Postgres Database Queries
GET DATA /TYPE=PSQL
/CONNECT={CONNECTION INFO}
/SQL={QUERY}
[/ASSUMEDSTRWIDTH=W]
[/UNENCRYPTED]
[/BSIZE=N].
GET DATA /TYPE=PSQL
imports data from a local or remote Postgres
database server. It automatically creates variables based on the table
column names or the names specified in the SQL query. PSPP cannot
support the full precision of some Postgres data types, so data of those
types will lose some precision when PSPP imports them. PSPP does not
support all Postgres data types. If PSPP cannot support a datum, GET DATA
issues a warning and substitutes the system-missing value.
The CONNECT
subcommand must be a string for the parameters of the
database server from which the data should be fetched. The format of
the string is given in the Postgres
manual.
The SQL
subcommand must be a valid SQL statement to retrieve data
from the database.
The ASSUMEDSTRWIDTH
subcommand specifies the maximum width of
string variables read from the database. If omitted, the default value
is determined from the length of the string in the first value read for
each variable.
The UNENCRYPTED
subcommand allows data to be retrieved over an
insecure connection. If the connection is not encrypted, and the
UNENCRYPTED
subcommand is not given, then an error occurs. Whether or
not the connection is encrypted depends upon the underlying psql library
and the capabilities of the database server.
The BSIZE
subcommand serves only to optimise the speed of data
transfer. It specifies an upper limit on number of cases to fetch from
the database at once. The default value is 4096. If your SQL statement
fetches a large number of cases but only a small number of variables,
then the data transfer may be faster if you increase this value.
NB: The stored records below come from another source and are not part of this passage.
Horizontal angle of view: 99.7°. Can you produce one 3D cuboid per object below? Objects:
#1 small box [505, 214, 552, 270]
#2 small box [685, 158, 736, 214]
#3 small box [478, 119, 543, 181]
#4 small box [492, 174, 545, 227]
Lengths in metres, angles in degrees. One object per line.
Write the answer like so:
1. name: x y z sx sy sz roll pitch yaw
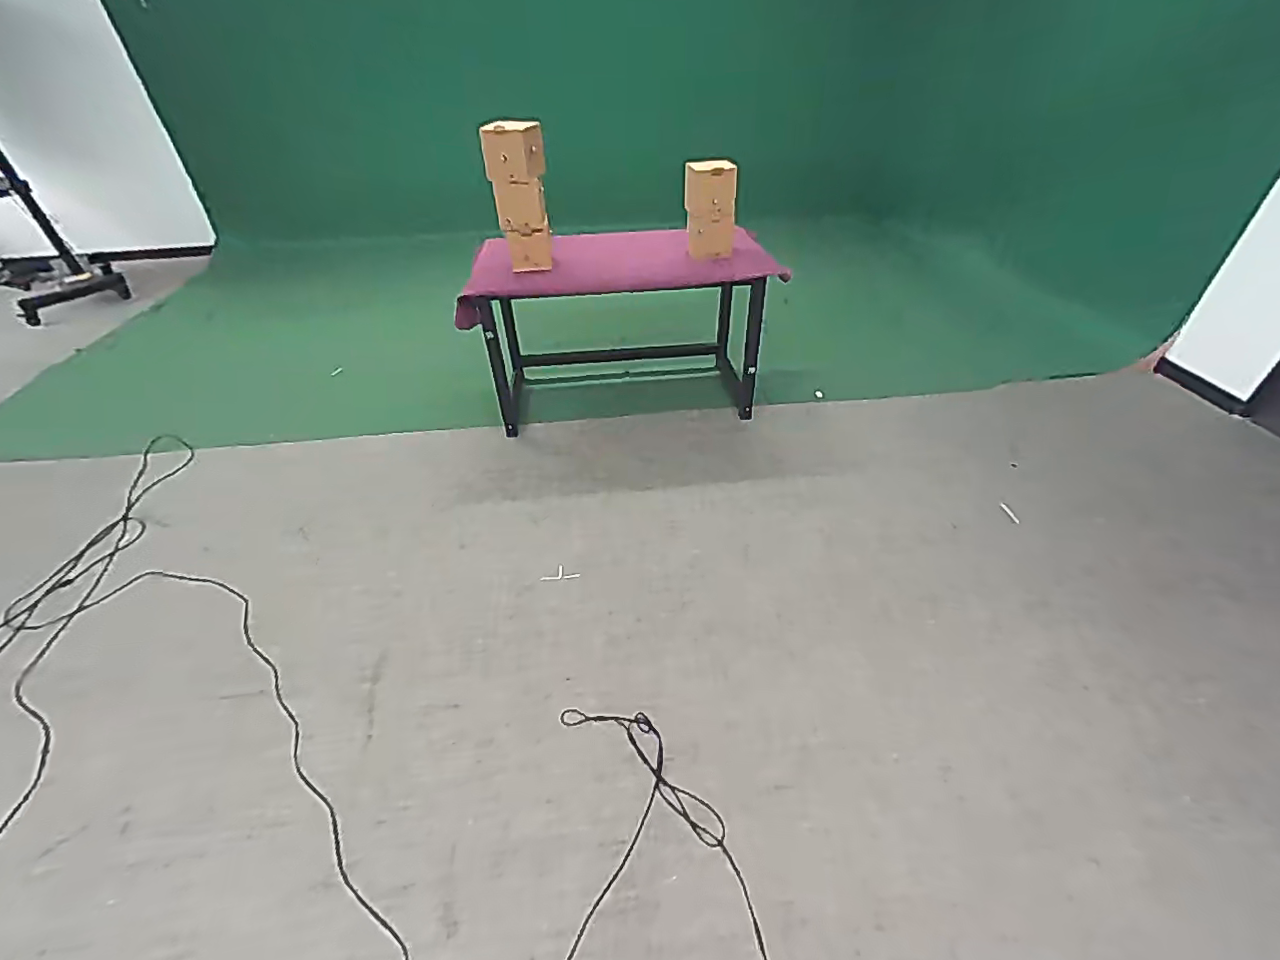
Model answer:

Conversely, if the number of variables is large, or if the machine on
which PSPP is running has only a small amount of memory, then a smaller
value is probably better.
Example
GET DATA /TYPE=PSQL
/CONNECT='host=example.com port=5432 dbname=product user=fred passwd=xxxx'
/SQL='select * from manufacturer'.
Textual Data Files
GET DATA /TYPE=TXT
/FILE={'FILE_NAME',FILE_HANDLE}
[ENCODING='ENCODING']
[/ARRANGEMENT={DELIMITED,FIXED}]
[/FIRSTCASE={FIRST_CASE}]
[/IMPORTCASES=...]
...additional subcommands depending on ARRANGEMENT...
When TYPE=TXT
is specified, GET DATA
reads data in a delimited
or fixed columnar format, much like DATA LIST
.
The FILE
subcommand must specify the file to be read as a string
file name or (for textual data only) a file
handle).
The ENCODING
subcommand specifies the character encoding of the
file to be read. See INSERT
, for
information on supported encodings.
The ARRANGEMENT
subcommand determines the file's basic format.
DELIMITED
, the default setting, specifies that fields in the input data
are separated by spaces, tabs, or other user-specified delimiters.
FIXED
specifies that fields in the input data appear at particular fixed
column positions within records of a case.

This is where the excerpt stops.